Data records
__________________________________________________
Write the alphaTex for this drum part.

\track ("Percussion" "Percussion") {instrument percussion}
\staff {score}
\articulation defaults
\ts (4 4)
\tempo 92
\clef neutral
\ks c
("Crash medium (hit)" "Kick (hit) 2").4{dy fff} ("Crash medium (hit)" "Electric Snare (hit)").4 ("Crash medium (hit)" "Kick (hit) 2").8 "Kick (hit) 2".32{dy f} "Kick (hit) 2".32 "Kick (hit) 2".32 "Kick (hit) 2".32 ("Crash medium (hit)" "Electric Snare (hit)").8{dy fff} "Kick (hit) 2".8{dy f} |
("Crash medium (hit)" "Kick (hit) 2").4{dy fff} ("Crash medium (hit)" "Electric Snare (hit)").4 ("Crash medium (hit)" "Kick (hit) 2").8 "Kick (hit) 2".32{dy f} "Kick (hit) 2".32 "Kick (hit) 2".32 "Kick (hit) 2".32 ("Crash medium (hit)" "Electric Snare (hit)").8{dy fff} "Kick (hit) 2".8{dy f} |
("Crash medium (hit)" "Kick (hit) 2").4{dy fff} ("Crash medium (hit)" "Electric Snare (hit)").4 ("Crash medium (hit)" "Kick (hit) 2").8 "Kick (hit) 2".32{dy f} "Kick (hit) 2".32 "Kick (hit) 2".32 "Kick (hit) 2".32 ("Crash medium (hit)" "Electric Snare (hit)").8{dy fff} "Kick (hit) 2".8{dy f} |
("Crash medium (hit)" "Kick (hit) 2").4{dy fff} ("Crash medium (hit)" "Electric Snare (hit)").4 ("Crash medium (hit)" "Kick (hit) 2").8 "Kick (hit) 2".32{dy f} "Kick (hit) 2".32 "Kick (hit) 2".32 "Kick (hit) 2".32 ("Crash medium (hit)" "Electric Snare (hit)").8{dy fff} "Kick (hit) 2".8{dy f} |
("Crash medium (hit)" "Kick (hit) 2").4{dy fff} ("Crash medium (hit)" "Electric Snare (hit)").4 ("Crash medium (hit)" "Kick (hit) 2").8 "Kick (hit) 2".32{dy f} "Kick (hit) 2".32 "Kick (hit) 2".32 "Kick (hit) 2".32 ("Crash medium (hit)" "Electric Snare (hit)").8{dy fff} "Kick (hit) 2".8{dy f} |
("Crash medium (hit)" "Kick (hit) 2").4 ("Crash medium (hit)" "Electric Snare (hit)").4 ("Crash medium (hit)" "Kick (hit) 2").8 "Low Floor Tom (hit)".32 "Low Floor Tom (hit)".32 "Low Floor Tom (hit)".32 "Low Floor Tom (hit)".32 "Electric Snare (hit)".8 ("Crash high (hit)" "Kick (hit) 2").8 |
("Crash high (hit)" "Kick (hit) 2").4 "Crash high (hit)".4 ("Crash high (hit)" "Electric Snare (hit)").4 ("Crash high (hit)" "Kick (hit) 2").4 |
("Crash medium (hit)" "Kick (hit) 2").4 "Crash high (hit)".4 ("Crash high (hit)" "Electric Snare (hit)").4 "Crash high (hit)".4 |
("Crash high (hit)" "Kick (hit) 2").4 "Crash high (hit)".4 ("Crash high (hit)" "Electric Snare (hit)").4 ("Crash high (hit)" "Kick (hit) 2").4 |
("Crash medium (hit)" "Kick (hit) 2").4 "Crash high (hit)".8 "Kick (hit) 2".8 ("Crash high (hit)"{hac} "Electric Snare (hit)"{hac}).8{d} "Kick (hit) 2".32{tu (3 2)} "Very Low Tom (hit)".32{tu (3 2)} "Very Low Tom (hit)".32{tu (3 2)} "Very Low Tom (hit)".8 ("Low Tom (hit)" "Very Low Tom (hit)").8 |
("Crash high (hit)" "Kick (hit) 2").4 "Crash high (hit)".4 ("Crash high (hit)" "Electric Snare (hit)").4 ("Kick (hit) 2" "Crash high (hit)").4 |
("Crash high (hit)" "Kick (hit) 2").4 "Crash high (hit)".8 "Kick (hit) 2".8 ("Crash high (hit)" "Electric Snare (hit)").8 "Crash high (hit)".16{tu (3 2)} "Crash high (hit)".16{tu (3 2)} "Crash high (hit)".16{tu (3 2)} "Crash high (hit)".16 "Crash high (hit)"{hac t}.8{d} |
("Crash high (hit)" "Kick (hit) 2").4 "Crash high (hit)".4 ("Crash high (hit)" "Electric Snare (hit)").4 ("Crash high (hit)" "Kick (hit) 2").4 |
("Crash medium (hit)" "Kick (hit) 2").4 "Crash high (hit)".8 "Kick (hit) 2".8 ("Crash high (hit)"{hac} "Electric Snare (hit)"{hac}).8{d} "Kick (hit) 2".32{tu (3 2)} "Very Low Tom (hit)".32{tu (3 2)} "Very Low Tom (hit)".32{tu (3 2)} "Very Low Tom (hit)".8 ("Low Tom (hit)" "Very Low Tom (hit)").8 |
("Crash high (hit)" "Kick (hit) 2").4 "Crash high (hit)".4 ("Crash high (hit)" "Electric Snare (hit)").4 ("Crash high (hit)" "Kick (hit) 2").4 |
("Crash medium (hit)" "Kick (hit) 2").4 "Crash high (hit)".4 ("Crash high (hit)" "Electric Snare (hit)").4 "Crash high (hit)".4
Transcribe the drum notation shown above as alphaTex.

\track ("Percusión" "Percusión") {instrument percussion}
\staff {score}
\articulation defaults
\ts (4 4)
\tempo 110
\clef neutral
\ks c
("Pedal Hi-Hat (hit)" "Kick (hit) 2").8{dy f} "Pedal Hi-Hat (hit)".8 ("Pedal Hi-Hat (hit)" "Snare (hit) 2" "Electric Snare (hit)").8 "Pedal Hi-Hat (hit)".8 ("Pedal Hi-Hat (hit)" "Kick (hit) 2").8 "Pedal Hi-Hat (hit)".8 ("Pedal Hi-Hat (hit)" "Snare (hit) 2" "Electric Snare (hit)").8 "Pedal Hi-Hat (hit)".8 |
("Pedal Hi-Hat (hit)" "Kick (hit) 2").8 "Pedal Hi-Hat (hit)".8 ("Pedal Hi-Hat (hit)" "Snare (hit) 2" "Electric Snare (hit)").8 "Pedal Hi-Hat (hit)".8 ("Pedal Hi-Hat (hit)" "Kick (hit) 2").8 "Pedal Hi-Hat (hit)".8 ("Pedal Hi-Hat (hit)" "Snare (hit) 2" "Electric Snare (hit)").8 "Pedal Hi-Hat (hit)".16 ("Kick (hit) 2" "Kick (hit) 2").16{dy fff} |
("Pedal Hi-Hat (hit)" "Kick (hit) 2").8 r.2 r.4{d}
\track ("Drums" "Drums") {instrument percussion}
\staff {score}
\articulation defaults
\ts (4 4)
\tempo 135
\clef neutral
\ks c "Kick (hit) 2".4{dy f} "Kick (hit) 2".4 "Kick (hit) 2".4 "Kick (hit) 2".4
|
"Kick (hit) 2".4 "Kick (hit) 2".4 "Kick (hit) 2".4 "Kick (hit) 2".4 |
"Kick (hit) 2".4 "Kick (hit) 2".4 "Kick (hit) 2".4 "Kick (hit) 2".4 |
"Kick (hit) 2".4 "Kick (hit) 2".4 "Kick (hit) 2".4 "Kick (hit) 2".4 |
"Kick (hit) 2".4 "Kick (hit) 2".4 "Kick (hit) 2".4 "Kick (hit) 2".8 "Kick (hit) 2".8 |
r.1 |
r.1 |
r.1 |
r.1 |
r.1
__________________________________________________
> WORK INSTRUCTION
The required answer is each line of the data in which the word "track" appears.

> WRITTEN ANSWER
\track ("Percussion" "Percussion") {instrument percussion}
\track ("Percusión" "Percusión") {instrument percussion}
\track ("Drums" "Drums") {instrument percussion}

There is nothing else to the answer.